The issue of exports and imports should, most observers believe, be the responsibility of the Yugoslav government, which includes Montenegrin representatives, and not that of Serbia. Moreover, the ban on food exports to Macedonia breaks the terms of a free-trade agreement between rump Yugoslavia and Macedonia which outlawed unilateral trade bans.

Last year, rump Yugoslavia was Macedonia's second-largest trading partner behind Germany with some $350 million worth of goods exchanged between the two countries. Although shipments of goods from Macedonia to Yugoslavia, intended for Montenegro, have been held up for weeks, Serbian envoys assured their Macedonian counterparts in trade talks in Skpoje at the beginning of March that no ban was in place and that misunderstandings would be cleared up.

Montenegrin newspapers have published a copy of the February 2 export ban order signed by agriculture minister Jovan Babovic who described the document as a forgery.

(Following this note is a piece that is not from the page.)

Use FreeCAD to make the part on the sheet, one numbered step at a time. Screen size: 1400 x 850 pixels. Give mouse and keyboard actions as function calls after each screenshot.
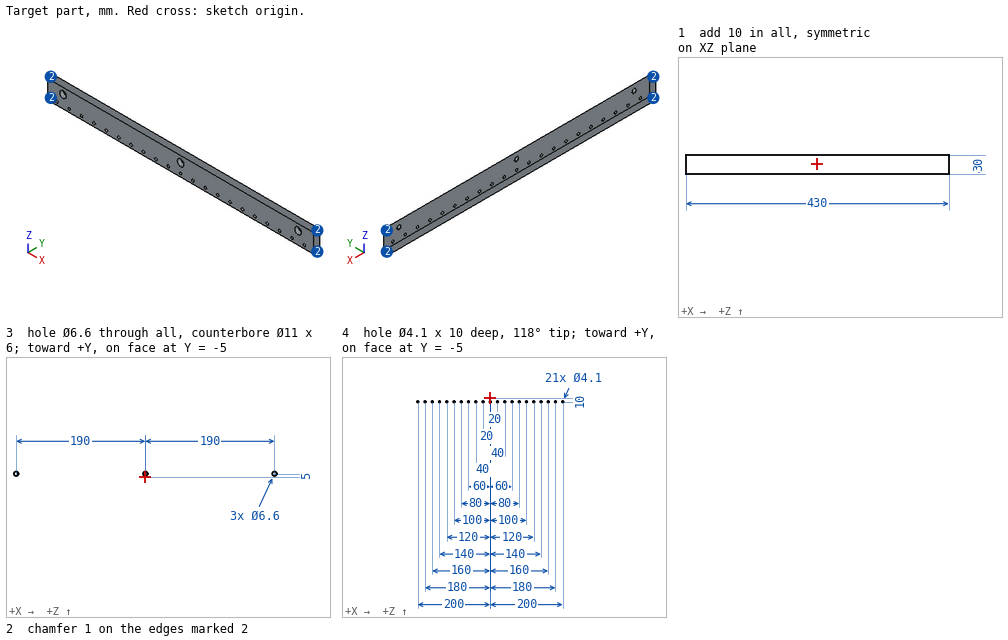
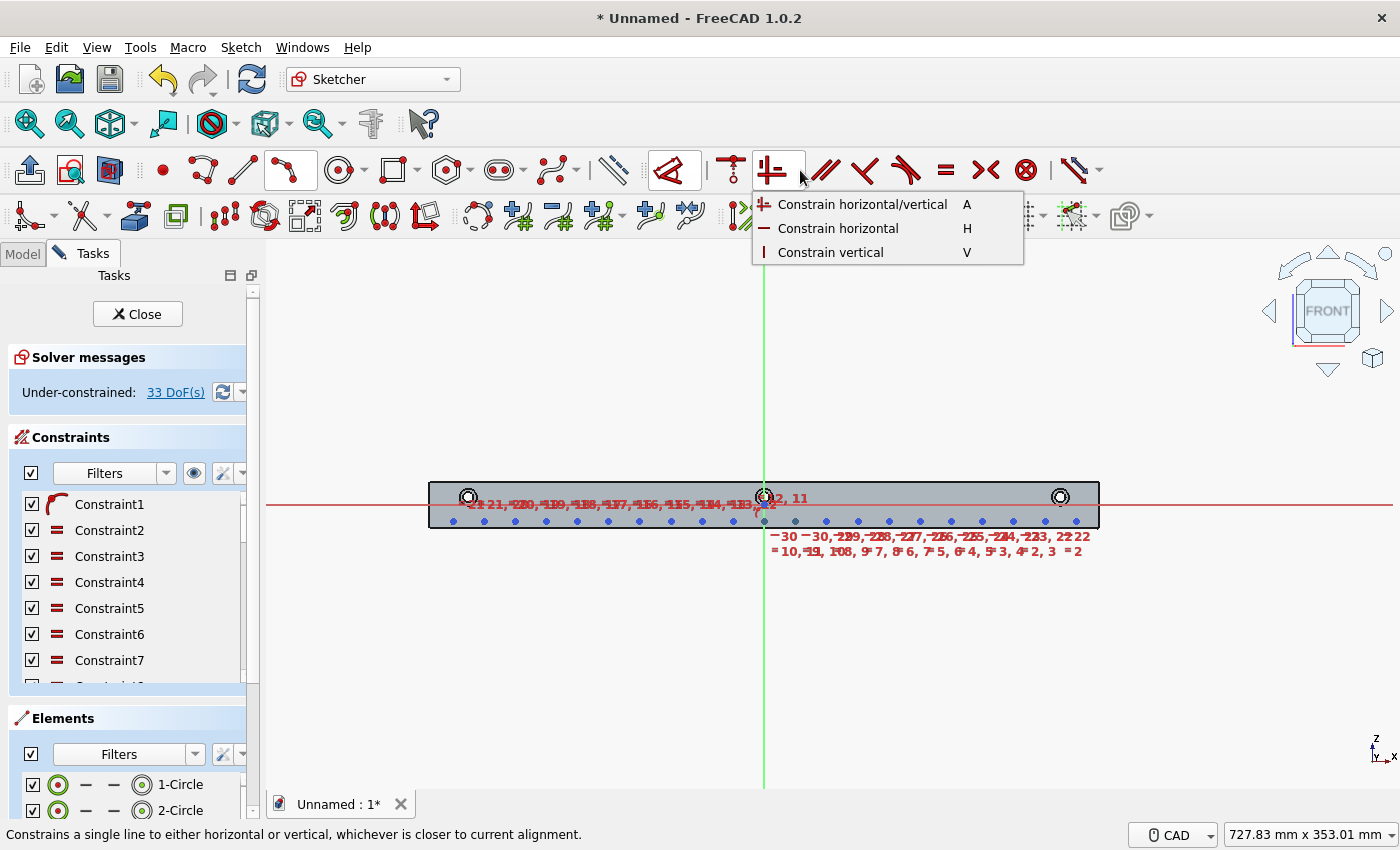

Since Babovic is a minor figure in the Serbian government, most analysts believe that he would not be the driving force behind the export ban, simply someone who has to see it implemented. If, however, the strategy does prove counter-productive, Babovic may end up the scape goat.

Meanwhile, the trade war between Belgrade and Podgorica continues to escalate as Montenegrin lorries filled with goods for Serbia being are systematically turned back at the border. Indeed, even a lorry containing medicines in short supply in Serbia was ordered back to Podgorica.

The Yugoslav Army is also becoming increasingly involved in the conflict and is blocking Montenegrin exports to third countries.

At the border crossing of Bozaj at the Montenegrin-Albanian border, for example, the Yugoslav soldiers turned back a lorry from Bijelo Polje filled with paper destined for Albania telling its driver that he required permission of the Yugoslav Army's Podgorica Corps to export to Albania.

Milenko Vasovic is a regular IWPR contributor from Belgrade.